Eight breaths for the good:
+ Comfort and warmth despite the wet weather.
+ Cats and puppies who love cuddling.
+ Understanding support for boundary crossings.
+ Deep breath for 80% happy endings.
+ There are actions we can take for the ship listing. We refuse to sink.
+ A nice lunch in the city.
+ Good books.
+Difficult decisions are made. A breath for resolution.
This week’s superpower: Standing grounded.
Next week’s superpower: Applying the salve of reassurance whenever I think of it. 🙂
I found your blog by accident a couple weeks ago and it is awesome! Boundaries is…are? a huge thing with me right now. I started setting boundaries for the first time in my life and it’s really hard b/c I’ve realized almost everyone in my life is very unhealthy to be around. So I’m trying to have healthy relationships with unhealthy ppl and it’s not working. So there’s a lot of ScaredAlone feeling. Plus I’m just…rebooting everything. I ended a ten year relationship last year….im in a job that doesn’t pay my bills, I worry constantly about what happens when my car dies. Maybe I just need a hang in there. 🙂 I need to know it won’t always be like this. That I WILL be able to get back into school and find a job that gives me some security. And maybe a little healthy love and affection too.
Hello chickeneers!
Something that worked: Finishing the packing 24 hours before we were scheduled to leave home!

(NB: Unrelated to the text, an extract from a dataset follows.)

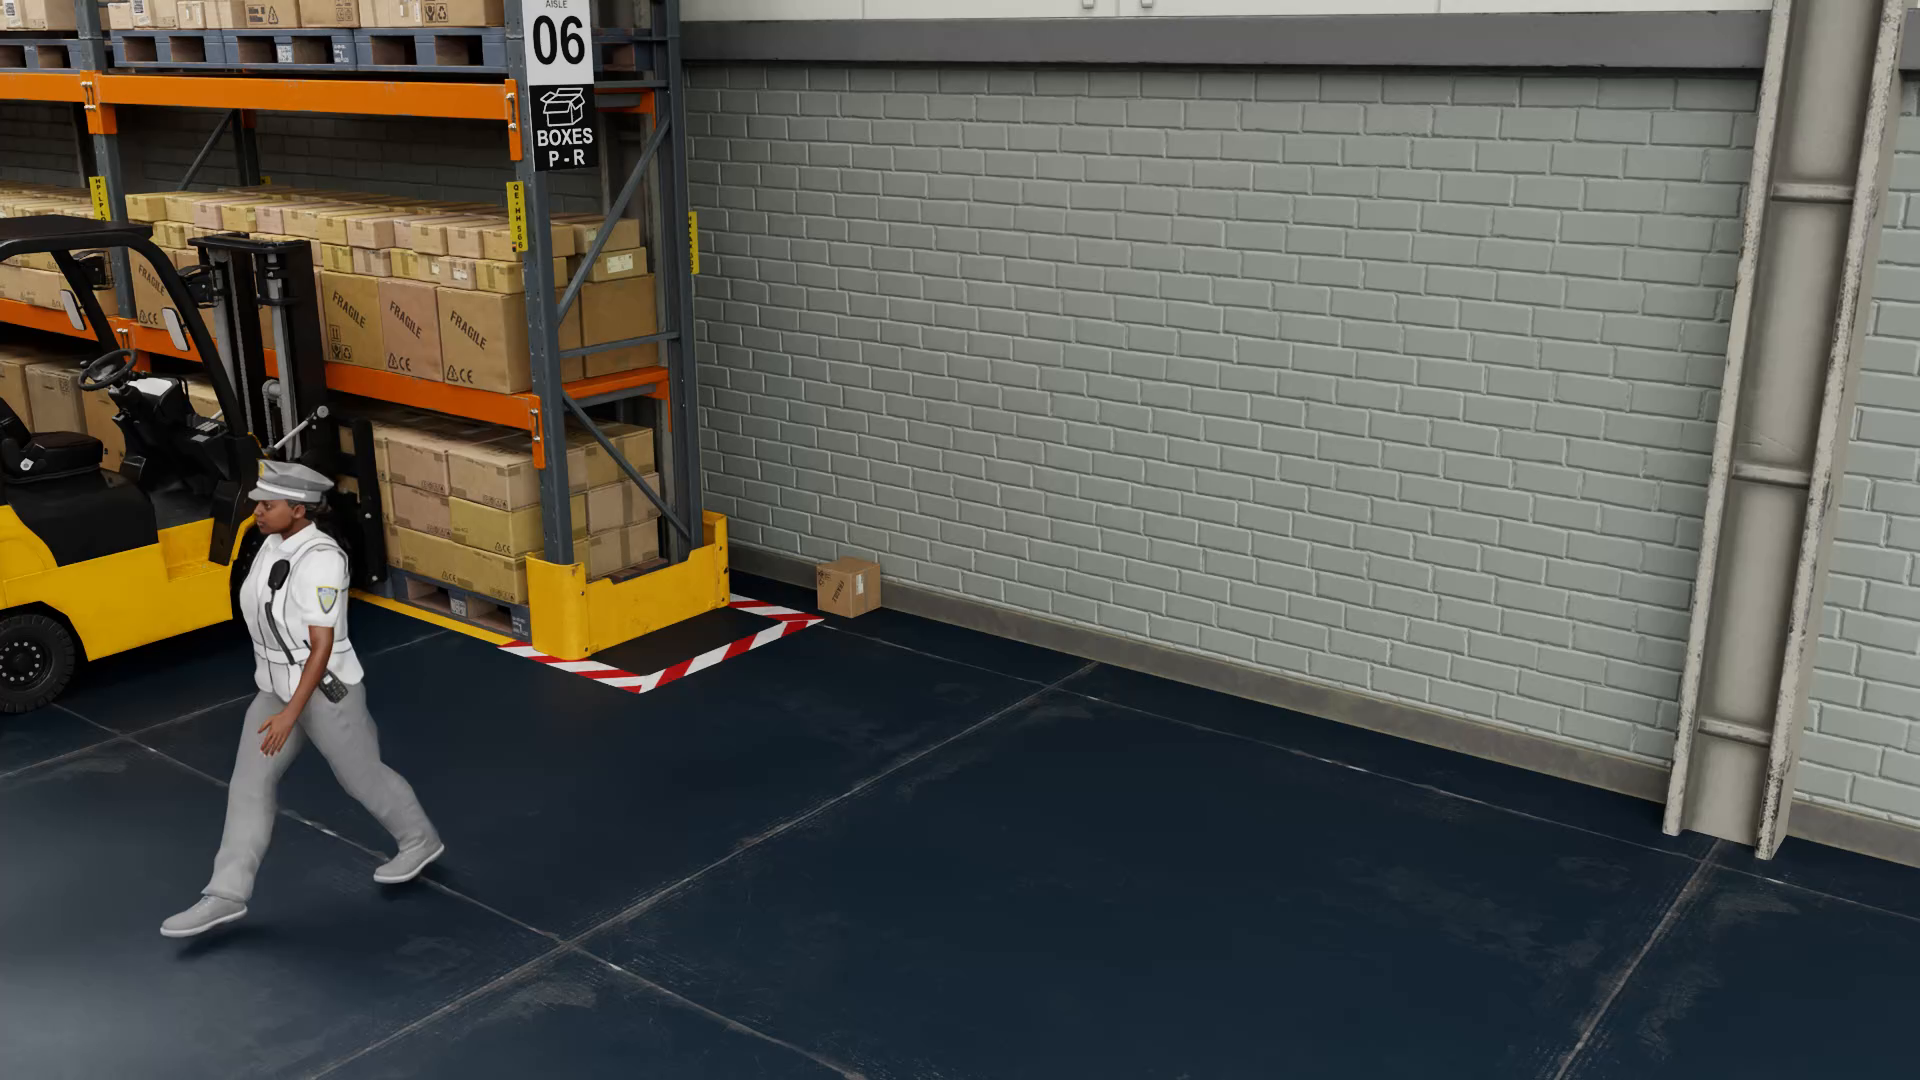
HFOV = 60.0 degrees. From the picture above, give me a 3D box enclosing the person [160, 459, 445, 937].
[{"bbox_3d":[-2.307,0.524,5.722,0.459,1.626,0.978,13,21,38],"label":"person"}]

Last month I stayed awake the night before we left for a trip and the night before we returned because of doing last minute packing and worrying about whether I was forgetting something important (in addition to the usual reasons I don’t sleep!).
This time I was able to go to bed early and wake up rested.
Next time I might: Put in the red string bag.
Surprise Super Power I had: Pleasant surprises. Havi mentioned it and I said, yes, I want that!
Another Super Power: Helpful People Everywhere.
Hard things:
– losing keys
– unseasonably cool weather on the beach
– not being able to email with MrB while he is with his brother
Good things:
– Mary cried happy tears when she saw us
– good books and time to read them
– good classes
First the, UGH. And much needed breaths.
1. Being excited and thinking I’m out of the woods and then feeling even worse than before. Ugh x 3. A breath for disappointment.
2. Way too much anxiety and feeling triggered into the sad, scary, and old. Gentle breath for feeling what I wished I’d never feel again.
3. Serious case of disliking my boss. A breath for this difficult relationship.
4. A breath for feeling like I never have any money even though I’m making more than I have in a very long time.
5. Feeling like a bullied victim and not wanting to go to school (work). A breath for fear that feels so real even when I know I’m being irrational.
And the good.
1. Super supportive friends and a great husband who loves me even when I’m a puddle of tears. A breath for loved ones.
2. 9:55 pm movie at the theater to get my mind off things..and giant French fries from Red Robin beforehand. A breath for feeling like I’m in college again.
3. The Monster Coloring Book! Tracing them on lined notebook paper and using my box of Crayola 24 was so great. A breath of gratitude that these monster sheets exist and that I have dem.
4. Free Week of Hot Yoga! I can even meditate afterward on some nights because the next class doesn’t start immediately. An abundant breath for monies that allow me to sign up for a membership this week.
5. New jeans that are long and lovely. A breath for laughing when my husband says he “likes me in my new Jordaches.”
6. Chipotle Sofritas with my BFF. Yes! Breath of progress for vegan options showing up in mainstream restaurants and for couch snuggles after we ate.
7. An uneventful inbox from work tonight. A breath for peace and spaciousness.